Friday, April 15, 2005

Baghdad real estate: getting pricey

(I changed the title, because "booming" isn't necessarily what's happening in the article.)

The AP reports:
Residential real estate prices in Iraq's capital have quadrupled in many parts of the city, says Ali al-Difaie, 54, the manager of a government office that processes property deeds. Al-Difaie and real estate agents say the rise is driven by an increase in income since the U.S.-led invasion two years ago and the liberalization of building and property laws.

"A friend from London came to me to complain about the prices," says Haider al-Rubie, 32, a Baghdad real estate agent. "This is crazy."

Statistics are hard to come by, but al-Difaie says an average 3,000-square-foot home in Baghdad's upscale Mansour district sells for $300,000 now. That is four times the Saddam-era prices. Prices are similar in other middle-class neighborhoods around the capital, al-Difaie says.
This is supply and demand at work. Why is this such a problem? As people's income grows, the most valuable resources will go up in price, because there are more who are willing to pay for it. Let me update with another thought: perhaps not as many people wanted to live in Baghdad, under the shadows of Saddam and his cronies, but now it's a better city to live in.

Or perhaps the Iraqi people would prefer cheap housing as slaves?

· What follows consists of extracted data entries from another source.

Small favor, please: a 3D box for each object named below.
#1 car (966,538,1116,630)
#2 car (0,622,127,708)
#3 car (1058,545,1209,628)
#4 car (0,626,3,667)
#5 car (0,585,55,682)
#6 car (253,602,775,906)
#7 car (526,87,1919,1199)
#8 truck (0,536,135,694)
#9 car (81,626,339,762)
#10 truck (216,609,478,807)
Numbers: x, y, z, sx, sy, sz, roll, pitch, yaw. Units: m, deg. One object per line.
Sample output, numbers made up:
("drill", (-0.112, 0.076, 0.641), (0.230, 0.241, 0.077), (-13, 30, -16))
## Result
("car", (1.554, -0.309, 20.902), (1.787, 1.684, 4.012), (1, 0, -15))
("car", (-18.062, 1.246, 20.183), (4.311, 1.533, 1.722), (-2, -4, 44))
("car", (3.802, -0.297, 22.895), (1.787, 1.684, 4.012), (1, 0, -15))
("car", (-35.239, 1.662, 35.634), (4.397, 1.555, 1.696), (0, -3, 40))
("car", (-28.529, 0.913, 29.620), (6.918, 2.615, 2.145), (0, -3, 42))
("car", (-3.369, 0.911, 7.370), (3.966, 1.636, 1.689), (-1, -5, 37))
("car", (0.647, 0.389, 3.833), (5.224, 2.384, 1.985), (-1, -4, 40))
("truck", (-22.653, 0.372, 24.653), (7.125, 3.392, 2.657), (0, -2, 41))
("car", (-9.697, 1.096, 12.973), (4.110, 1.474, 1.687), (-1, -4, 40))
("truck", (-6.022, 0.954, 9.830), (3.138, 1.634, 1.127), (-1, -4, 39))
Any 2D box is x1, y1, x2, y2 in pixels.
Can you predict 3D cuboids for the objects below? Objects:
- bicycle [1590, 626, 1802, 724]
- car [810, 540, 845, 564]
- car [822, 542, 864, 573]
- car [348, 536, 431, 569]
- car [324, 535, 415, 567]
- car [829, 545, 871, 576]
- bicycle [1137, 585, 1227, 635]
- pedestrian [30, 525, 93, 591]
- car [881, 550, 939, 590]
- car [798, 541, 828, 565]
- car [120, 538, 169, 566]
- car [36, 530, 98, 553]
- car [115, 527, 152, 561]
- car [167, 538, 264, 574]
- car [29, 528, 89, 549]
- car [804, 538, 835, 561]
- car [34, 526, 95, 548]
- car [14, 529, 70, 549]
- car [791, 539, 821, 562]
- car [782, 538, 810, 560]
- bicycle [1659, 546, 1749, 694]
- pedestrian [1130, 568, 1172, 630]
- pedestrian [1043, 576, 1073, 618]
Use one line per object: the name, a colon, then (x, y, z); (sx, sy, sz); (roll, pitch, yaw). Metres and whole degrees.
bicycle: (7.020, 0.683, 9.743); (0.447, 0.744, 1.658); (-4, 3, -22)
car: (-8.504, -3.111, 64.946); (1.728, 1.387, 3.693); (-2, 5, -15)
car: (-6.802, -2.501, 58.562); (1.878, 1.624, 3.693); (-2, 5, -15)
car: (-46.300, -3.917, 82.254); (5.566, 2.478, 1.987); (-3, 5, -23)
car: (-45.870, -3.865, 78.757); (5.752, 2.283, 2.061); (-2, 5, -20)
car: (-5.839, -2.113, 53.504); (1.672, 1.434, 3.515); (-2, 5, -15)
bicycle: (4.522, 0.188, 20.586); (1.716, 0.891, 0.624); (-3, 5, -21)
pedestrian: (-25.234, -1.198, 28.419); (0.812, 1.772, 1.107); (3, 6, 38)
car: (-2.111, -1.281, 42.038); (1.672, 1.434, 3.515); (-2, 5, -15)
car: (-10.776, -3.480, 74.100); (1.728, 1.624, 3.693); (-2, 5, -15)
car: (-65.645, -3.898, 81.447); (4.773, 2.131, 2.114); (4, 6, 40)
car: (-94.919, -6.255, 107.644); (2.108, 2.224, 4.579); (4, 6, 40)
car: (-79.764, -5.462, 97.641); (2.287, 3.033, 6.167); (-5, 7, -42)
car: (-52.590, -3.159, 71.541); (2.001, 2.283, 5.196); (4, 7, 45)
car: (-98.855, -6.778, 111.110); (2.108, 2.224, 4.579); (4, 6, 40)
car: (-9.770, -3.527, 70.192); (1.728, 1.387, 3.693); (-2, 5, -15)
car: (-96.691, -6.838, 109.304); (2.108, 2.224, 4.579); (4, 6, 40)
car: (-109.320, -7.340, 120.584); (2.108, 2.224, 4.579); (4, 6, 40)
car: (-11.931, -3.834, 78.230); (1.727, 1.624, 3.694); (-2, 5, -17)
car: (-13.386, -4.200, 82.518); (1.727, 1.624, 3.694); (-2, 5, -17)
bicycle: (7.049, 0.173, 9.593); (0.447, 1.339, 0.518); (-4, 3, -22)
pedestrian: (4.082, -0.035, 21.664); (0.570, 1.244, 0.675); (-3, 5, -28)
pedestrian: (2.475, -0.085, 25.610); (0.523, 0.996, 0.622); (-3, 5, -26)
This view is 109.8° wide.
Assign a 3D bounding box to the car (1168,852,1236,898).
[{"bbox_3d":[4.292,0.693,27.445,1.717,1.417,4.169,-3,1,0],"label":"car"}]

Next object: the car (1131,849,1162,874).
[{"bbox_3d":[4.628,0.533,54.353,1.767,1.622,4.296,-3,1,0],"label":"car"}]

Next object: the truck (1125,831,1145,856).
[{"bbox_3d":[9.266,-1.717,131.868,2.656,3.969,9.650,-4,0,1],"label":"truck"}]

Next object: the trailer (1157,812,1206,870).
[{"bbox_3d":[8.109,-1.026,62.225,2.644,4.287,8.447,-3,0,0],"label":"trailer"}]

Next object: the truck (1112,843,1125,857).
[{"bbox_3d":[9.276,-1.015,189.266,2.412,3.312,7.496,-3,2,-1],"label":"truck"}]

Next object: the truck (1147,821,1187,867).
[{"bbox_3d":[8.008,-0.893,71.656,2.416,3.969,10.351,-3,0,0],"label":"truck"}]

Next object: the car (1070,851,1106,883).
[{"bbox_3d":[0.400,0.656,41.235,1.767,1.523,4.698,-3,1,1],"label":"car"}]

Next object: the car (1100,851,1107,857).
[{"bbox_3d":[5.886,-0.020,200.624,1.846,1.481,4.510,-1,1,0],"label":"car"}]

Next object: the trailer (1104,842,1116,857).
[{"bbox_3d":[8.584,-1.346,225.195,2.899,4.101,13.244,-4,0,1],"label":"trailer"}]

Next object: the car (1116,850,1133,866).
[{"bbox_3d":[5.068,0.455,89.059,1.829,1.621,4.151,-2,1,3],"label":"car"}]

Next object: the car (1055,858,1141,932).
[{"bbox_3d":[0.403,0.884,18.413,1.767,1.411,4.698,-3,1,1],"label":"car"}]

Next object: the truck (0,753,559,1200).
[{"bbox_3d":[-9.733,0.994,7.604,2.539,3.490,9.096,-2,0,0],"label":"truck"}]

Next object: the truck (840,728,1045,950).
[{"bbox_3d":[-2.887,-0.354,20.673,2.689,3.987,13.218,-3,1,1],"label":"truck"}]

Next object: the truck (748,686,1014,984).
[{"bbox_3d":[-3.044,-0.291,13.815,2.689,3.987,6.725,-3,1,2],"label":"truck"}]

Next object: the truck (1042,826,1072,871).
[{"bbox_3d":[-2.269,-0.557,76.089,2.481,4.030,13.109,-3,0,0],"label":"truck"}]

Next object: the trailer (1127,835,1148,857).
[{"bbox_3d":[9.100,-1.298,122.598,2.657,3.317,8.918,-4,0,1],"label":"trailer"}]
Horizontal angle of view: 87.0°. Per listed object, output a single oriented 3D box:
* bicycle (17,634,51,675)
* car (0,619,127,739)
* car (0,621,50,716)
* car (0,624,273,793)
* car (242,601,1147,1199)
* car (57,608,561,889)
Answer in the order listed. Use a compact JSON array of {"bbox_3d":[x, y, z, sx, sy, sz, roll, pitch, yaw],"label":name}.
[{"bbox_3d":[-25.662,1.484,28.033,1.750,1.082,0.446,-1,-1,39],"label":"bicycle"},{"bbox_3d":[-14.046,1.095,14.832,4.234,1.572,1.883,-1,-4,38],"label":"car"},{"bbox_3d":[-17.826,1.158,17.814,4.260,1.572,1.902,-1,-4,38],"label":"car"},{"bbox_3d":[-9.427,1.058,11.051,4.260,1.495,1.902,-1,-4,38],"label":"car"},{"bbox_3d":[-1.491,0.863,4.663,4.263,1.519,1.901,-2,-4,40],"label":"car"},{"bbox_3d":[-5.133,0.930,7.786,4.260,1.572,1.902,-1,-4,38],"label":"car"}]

Is life so dear, or peace so sweet, as to be purchased at the price of chains and slavery? Forbid it, Almighty God! I know not what course others may take; but as for me, give me liberty or give me death!
- Patrick Henry, 1775

A gilded cage is still a cage. A cheap house under a dictator's boot is still living under tyranny. Would you really prefer a country where you can buy a house for one-fourth the price, but Uday Hussein might rape and murder your 14-year-old daughter?